For the kind of work I’m doing now, parallel agents against acceptance criteria with progress logging, the local equivalent is a small cluster, an open 70B+ model, an OpenClaw-style harness, and cron jobs kicking off builds at midnight. Factory floor running third shift.
We’re 12-18 months from that being practical at Opus 4.5 coding quality on $4,400 of hardware. Probably 6-9 months from “good enough for most overnight tasks.”
The Economics
The API cost question depends entirely on which model you’re running overnight and how hard you push it.
Opus 4.5 pricing: $5 input / $25 output per million tokens. (Anthropic cut Opus pricing by 66% with the 4.5 release. If you’re still on Opus 4.1 at $15/$75, the local hardware case is a lot stronger.)
A year ago, the money case for local hardware was obvious. Anthropic (and OpenAI, and Google) have been cutting prices faster than Moore’s Law. At current Opus 4.5 rates, you need to be running heavy overnight workloads before the hardware pays for itself quickly. Light usage? The API is cheap enough that local inference is a convenience play, not an economics play.
But pricing trends cut both ways. Today’s rates assume competition stays fierce and inference keeps getting cheaper. If you’re planning for 12-18 months out, locking in hardware at today’s prices hedges against a world where the race to zero slows down.
The Supply Problem
Here’s what nobody’s talking about: the hardware you’ll want in 12 months is getting bought now.
Every OpenClaw build, every enthusiast stacking Mac Minis, every startup clustering consumer hardware for local inference is competing for the same 64GB and 128GB Apple Silicon machines. Apple doesn’t overproduce. The M5 with 512GB will have allocation constraints at launch. NVIDIA’s consumer GPUs are already supply-limited because the data center business gets priority on wafer allocation.

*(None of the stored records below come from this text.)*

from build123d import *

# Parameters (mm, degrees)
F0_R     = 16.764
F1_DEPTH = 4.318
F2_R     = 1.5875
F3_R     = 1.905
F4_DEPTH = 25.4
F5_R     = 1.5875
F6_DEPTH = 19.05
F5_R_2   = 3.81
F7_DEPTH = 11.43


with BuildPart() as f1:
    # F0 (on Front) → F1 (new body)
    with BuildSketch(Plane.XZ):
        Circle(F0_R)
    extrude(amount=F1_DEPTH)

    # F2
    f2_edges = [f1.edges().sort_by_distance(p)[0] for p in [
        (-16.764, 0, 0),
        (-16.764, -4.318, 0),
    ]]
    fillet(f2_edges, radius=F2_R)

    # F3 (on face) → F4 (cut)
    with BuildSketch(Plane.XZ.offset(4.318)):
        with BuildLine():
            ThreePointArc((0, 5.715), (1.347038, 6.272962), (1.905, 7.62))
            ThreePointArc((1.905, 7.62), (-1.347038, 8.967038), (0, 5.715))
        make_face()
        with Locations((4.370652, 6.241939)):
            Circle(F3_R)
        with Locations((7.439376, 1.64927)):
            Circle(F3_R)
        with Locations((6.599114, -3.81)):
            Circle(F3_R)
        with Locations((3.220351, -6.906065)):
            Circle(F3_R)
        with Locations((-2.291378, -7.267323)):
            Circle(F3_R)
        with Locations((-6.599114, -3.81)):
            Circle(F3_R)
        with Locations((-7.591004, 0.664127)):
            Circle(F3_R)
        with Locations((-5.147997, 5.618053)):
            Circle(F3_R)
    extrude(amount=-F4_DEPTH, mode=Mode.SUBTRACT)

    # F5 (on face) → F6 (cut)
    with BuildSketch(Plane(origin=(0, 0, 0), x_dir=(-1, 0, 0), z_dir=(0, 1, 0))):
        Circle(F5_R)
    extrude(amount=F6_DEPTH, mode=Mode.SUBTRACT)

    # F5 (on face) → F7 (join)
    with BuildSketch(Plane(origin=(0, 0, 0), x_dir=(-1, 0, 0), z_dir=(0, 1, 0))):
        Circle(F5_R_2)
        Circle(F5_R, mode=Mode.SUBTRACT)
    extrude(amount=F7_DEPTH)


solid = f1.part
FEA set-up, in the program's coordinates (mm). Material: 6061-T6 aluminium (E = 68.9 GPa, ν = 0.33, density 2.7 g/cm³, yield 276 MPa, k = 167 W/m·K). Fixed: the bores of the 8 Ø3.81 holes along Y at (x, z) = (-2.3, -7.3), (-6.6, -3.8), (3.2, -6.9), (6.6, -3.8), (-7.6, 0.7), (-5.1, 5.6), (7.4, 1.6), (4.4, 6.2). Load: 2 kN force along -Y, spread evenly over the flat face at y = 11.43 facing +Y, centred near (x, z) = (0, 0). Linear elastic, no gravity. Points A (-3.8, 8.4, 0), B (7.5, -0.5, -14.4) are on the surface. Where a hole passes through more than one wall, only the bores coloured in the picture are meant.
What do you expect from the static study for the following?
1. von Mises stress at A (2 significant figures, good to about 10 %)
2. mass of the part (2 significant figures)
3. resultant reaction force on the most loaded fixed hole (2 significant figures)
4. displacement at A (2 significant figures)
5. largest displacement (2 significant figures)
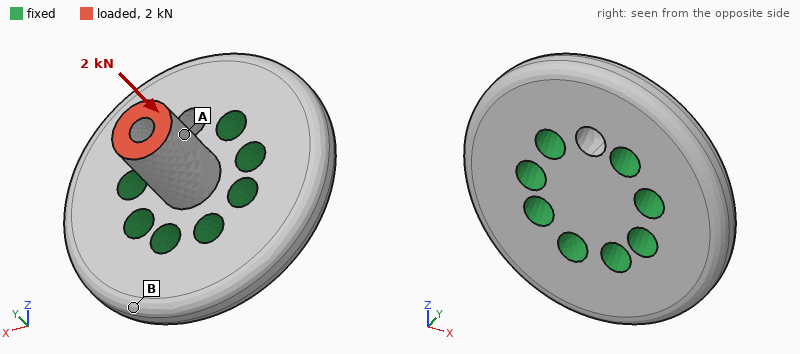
53 MPa
10.0 g
360 N
9.2 µm
12 µm
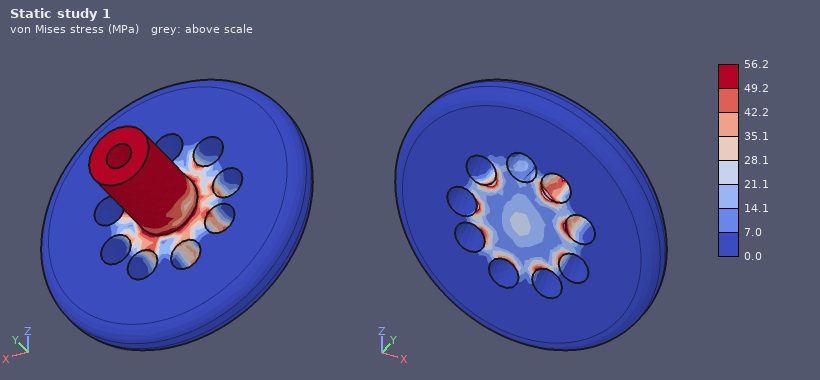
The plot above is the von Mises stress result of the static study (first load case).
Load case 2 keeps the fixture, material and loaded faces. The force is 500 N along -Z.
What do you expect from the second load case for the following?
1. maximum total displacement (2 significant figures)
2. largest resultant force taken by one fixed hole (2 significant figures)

46 µm
360 N
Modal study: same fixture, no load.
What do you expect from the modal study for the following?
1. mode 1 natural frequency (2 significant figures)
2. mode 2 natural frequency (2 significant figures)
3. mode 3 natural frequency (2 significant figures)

28 kHz
29 kHz
38 kHz
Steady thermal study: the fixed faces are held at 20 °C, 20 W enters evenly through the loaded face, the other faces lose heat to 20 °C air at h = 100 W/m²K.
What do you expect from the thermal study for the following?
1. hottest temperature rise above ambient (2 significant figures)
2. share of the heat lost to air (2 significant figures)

41 K
4.6 %
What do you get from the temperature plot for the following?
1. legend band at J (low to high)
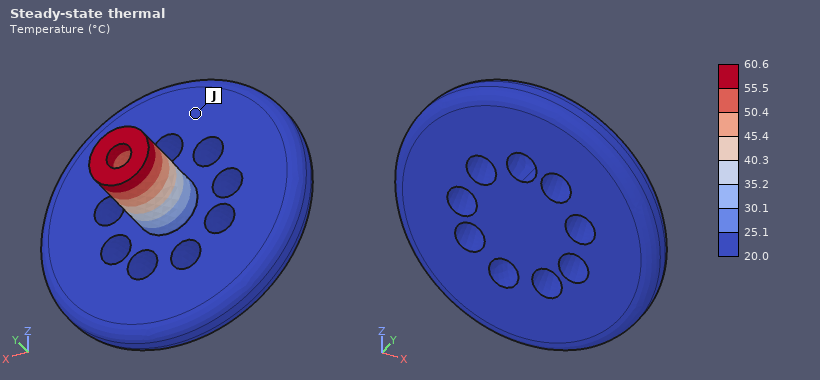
20.0 to 25.1 °C

When open source models cross the overnight-reliability threshold (12-18 months for Opus-tier coding), the people who already have hardware will start running. The people who don’t will be ordering into a backlog.
Memory chips are the bottleneck. HBM demand from data centers is pulling supply away from consumer hardware. DRAM pricing is rising. The $2,200 Mac Mini with 64GB unified memory is cheap right now because Apple locked in favorable memory contracts. That pricing isn’t guaranteed to hold.

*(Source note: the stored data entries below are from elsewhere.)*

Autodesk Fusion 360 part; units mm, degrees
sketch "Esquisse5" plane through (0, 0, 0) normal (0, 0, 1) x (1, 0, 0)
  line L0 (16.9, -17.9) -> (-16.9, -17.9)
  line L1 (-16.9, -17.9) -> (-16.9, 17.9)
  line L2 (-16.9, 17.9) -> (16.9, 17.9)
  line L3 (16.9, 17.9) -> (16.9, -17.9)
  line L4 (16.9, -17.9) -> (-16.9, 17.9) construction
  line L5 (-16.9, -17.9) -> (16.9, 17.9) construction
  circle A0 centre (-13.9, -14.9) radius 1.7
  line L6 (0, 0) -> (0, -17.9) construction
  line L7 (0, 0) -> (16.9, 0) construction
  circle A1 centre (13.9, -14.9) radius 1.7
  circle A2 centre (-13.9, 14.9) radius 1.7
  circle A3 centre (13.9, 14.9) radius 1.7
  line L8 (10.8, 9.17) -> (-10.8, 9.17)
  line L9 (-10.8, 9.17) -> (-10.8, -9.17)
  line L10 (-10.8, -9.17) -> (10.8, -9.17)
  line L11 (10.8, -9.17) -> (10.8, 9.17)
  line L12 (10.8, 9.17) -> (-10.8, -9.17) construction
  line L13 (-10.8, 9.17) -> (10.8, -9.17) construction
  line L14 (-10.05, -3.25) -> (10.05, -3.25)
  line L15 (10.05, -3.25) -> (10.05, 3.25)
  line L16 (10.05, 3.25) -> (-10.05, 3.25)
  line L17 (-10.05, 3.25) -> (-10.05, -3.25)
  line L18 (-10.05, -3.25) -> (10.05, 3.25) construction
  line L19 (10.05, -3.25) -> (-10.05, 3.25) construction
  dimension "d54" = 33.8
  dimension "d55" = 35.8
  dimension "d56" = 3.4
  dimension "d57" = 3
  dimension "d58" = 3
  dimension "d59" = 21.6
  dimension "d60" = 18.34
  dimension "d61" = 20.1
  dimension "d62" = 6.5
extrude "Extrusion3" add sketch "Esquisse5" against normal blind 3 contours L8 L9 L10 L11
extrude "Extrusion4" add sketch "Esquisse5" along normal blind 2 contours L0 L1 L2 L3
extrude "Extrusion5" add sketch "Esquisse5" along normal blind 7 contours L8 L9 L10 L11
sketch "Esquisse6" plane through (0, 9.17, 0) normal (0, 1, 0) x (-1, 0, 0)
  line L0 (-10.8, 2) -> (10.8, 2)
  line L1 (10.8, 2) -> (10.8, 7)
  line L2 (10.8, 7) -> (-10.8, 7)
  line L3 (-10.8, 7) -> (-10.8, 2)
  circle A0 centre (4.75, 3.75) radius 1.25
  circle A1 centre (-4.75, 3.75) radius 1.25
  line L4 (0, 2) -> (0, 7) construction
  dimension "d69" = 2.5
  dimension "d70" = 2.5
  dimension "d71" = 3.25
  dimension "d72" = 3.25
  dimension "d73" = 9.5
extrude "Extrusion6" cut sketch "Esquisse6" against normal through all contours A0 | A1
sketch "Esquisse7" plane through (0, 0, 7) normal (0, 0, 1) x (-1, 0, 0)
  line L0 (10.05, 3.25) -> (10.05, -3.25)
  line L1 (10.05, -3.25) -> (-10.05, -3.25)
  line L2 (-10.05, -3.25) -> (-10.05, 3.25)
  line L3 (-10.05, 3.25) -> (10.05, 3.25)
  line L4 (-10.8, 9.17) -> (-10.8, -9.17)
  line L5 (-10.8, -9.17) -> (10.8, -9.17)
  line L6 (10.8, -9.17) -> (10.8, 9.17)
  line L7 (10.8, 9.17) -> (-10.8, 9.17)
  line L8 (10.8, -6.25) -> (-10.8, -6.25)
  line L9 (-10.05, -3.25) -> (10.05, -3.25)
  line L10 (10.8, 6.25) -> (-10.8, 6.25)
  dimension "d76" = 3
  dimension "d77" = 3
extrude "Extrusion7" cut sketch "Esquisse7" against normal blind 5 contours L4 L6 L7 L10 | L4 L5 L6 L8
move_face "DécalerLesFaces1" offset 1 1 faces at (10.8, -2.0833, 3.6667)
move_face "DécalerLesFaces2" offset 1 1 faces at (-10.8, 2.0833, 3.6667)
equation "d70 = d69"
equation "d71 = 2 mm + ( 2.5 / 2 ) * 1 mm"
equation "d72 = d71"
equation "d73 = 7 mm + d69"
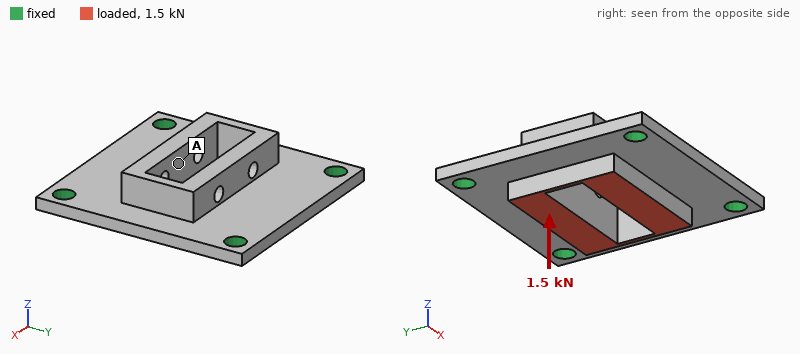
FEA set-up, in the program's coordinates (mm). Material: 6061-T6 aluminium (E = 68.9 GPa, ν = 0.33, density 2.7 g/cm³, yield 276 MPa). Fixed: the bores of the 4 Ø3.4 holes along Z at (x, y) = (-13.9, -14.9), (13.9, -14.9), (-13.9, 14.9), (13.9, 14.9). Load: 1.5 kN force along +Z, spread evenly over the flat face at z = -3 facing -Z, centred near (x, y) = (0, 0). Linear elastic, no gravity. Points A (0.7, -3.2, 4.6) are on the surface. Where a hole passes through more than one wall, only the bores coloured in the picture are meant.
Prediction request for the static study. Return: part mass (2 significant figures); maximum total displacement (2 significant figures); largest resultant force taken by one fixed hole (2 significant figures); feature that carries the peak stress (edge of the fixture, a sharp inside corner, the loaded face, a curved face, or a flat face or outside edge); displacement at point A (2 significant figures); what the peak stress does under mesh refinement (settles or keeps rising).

9.8 g
59 µm
380 N
edge of the fixture
58 µm
keeps rising
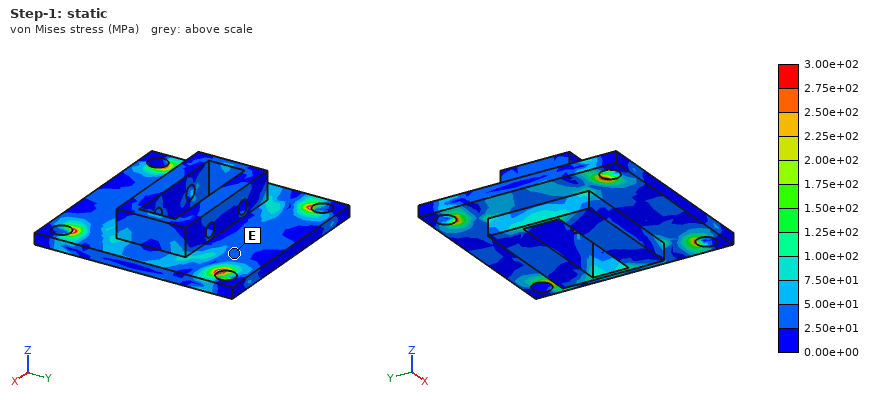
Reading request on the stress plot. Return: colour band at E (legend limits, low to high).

2.50e+01 to 5.00e+01 MPa
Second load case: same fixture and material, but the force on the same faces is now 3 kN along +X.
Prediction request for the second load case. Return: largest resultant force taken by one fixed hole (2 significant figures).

860 N
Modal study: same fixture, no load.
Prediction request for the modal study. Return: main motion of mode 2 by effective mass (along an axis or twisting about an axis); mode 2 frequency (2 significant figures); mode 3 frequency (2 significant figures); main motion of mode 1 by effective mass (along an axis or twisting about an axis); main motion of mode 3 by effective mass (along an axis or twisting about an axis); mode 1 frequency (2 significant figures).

twisting about Y
15 kHz
17 kHz
along Z
twisting about X
10 kHz

The practical path is what it’s always been with hardware bets: buy what’s useful today, and make sure it’s independently valuable if you change direction. A Mac Mini is a dev machine, a server, a build box. Two of them clustered run local inference and everything else. Nothing wasted.
If you’re going to want local inference in a year, the time to buy the hardware is before everyone else figures out the same math.
What I’m Doing About It
Nothing yet. API harnesses are too good right now. Claude Code with Opus 4.6 is the benchmark, Codex with GPT-5.2 close behind. The quality gap means switching today would be a downgrade.
But I’m watching:
DeepSeek V4 distill benchmarks. If a 32B distill lands within 30 ELO of Opus on coding, the math changes.

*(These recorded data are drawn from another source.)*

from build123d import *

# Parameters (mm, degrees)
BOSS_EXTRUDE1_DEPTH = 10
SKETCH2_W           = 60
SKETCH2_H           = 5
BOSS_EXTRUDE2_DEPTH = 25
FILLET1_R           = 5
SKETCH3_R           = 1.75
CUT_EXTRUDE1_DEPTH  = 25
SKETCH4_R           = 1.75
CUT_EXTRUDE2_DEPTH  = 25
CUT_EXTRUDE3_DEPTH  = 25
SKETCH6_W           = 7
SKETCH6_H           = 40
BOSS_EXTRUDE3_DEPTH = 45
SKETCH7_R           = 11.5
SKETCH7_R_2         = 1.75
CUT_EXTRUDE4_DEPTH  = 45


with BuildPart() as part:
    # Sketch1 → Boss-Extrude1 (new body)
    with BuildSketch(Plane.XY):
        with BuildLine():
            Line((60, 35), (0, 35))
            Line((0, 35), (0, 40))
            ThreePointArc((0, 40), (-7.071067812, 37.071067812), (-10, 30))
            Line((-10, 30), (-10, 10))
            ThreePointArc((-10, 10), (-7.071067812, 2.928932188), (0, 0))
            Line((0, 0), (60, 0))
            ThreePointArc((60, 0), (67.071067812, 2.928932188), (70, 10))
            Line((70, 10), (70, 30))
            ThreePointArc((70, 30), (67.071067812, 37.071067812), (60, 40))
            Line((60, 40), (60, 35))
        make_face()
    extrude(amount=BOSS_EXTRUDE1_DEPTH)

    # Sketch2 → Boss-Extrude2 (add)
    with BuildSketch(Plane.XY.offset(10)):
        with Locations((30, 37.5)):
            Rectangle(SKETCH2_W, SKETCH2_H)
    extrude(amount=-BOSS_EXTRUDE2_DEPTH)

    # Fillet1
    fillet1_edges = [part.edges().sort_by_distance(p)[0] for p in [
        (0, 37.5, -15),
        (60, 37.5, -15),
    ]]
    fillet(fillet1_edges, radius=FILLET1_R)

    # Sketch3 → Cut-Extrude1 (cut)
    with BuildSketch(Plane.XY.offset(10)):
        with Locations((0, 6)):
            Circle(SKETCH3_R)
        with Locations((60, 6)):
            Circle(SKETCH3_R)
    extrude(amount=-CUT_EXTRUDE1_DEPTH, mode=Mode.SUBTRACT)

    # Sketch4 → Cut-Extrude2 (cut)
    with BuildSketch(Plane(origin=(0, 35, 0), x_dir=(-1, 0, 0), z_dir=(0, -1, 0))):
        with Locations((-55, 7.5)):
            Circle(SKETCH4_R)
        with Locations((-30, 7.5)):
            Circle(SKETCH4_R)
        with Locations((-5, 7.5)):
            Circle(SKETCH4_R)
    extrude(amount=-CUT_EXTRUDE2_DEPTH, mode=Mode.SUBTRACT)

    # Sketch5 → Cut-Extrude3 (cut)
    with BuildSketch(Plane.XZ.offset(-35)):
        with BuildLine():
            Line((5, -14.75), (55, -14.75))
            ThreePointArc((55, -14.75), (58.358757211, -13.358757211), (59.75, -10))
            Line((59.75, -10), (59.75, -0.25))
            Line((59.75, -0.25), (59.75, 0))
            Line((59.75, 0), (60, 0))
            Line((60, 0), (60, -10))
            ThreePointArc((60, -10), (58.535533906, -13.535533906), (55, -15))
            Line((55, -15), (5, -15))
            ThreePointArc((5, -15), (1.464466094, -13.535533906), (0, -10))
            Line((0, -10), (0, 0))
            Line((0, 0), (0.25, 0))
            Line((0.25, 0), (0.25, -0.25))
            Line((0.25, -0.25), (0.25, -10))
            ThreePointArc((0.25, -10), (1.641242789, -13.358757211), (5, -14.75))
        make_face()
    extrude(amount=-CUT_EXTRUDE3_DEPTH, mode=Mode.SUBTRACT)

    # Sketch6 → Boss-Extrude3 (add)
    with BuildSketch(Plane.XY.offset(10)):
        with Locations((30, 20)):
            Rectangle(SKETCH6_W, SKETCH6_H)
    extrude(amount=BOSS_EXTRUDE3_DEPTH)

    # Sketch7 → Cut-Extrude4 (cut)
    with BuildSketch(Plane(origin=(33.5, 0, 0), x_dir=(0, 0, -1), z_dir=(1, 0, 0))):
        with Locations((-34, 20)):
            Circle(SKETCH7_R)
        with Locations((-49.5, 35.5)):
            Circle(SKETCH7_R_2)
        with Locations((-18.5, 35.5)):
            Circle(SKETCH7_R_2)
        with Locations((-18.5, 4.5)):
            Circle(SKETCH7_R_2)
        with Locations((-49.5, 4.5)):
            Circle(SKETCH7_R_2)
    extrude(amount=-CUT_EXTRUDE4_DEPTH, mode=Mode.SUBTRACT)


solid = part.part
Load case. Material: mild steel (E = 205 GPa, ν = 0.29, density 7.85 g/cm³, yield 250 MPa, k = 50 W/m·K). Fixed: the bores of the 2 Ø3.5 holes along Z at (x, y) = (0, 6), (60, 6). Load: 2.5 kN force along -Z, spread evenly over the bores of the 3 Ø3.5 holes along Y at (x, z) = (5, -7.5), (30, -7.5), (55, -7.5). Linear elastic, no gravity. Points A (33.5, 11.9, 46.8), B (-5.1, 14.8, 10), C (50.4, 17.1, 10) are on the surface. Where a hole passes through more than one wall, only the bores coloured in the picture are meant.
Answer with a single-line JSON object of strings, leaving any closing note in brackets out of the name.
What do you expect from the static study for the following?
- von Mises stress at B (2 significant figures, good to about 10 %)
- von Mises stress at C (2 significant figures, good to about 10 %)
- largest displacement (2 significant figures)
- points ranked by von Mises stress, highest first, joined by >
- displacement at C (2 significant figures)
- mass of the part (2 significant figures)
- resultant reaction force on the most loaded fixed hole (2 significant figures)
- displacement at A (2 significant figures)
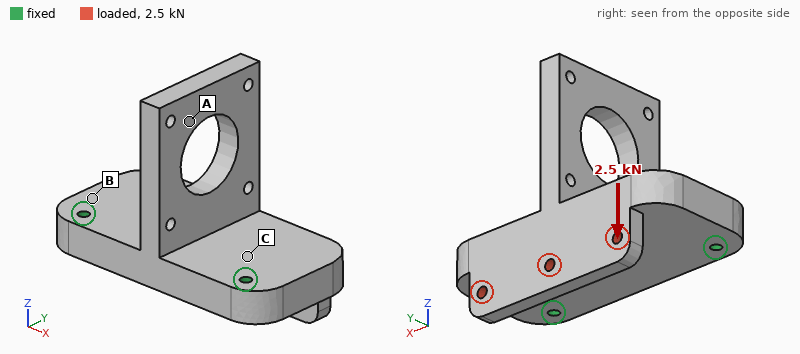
{"von Mises stress at B": "62 MPa", "von Mises stress at C": "34 MPa", "largest displacement": "82 µm", "points ranked by von Mises stress, highest first, joined by >": "B > C > A", "displacement at C": "14 µm", "mass of the part": "350 g", "resultant reaction force on the most loaded fixed hole": "1.3 kN", "displacement at A": "57 µm"}
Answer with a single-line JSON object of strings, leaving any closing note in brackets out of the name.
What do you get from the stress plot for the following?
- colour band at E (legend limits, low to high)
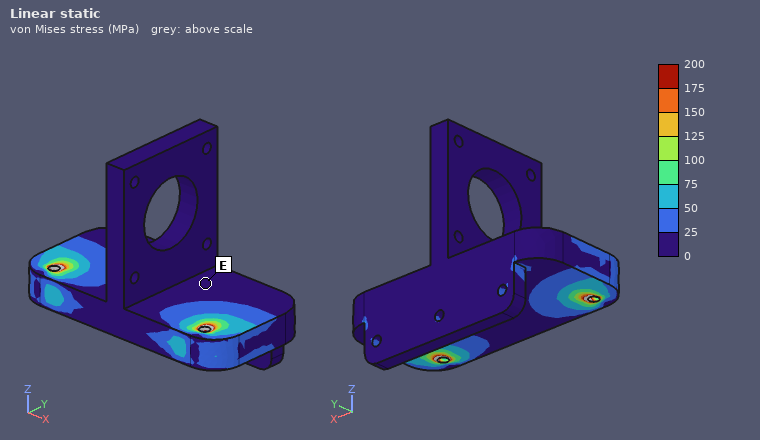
{"colour band at E": "0 to 25 MPa"}
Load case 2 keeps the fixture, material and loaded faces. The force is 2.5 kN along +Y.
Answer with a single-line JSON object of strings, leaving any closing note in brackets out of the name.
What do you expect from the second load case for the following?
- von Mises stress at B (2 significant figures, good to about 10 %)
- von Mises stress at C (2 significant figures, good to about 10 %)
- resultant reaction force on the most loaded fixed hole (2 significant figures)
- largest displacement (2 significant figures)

{"von Mises stress at B": "26 MPa", "von Mises stress at C": "16 MPa", "resultant reaction force on the most loaded fixed hole": "1.3 kN", "largest displacement": "43 µm"}
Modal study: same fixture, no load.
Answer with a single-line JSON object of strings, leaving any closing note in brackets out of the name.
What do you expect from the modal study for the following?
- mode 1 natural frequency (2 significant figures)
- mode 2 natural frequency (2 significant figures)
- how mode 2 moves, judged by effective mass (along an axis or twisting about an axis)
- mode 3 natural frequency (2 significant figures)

{"mode 1 natural frequency": "2300 Hz", "mode 2 natural frequency": "2500 Hz", "how mode 2 moves, judged by effective mass": "along Z", "mode 3 natural frequency": "5500 Hz"}
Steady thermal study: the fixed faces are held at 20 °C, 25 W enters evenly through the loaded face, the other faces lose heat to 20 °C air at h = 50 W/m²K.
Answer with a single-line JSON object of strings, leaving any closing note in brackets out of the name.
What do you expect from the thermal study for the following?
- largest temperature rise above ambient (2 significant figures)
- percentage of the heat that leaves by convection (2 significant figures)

{"largest temperature rise above ambient": "43 K", "percentage of the heat that leaves by convection": "38 %"}
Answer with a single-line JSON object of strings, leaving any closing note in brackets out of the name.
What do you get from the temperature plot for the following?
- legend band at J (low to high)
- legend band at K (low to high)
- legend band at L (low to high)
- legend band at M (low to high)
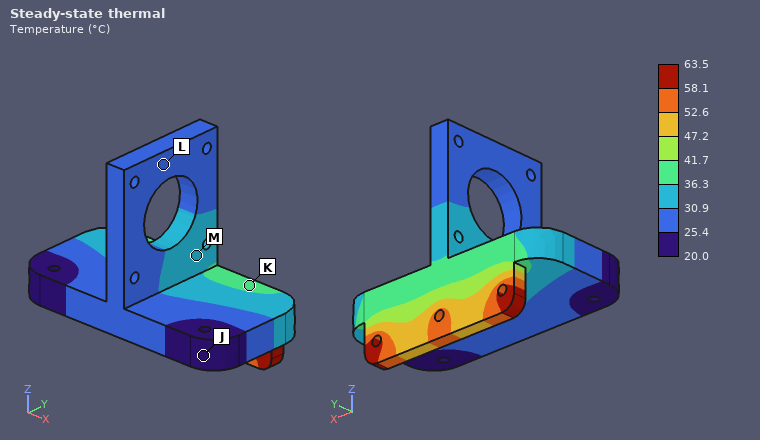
{"legend band at J": "20.0 to 25.4 °C", "legend band at K": "36.3 to 41.7 °C", "legend band at L": "25.4 to 30.9 °C", "legend band at M": "30.9 to 36.3 °C"}

M5 pricing. If 512GB stays under $5K, a single machine runs anything.
Harness security. The prompt injection problem in agentic local systems is real and unsolved. An overnight agent with internet access and no good way to distinguish trusted from untrusted tokens isn’t just a reliability problem. It’s a security problem.
The convergence is real. The four trends are compounding. The question isn’t if you’ll be able to run frontier coding agents locally overnight. It’s whether your harness is ready when the models arrive.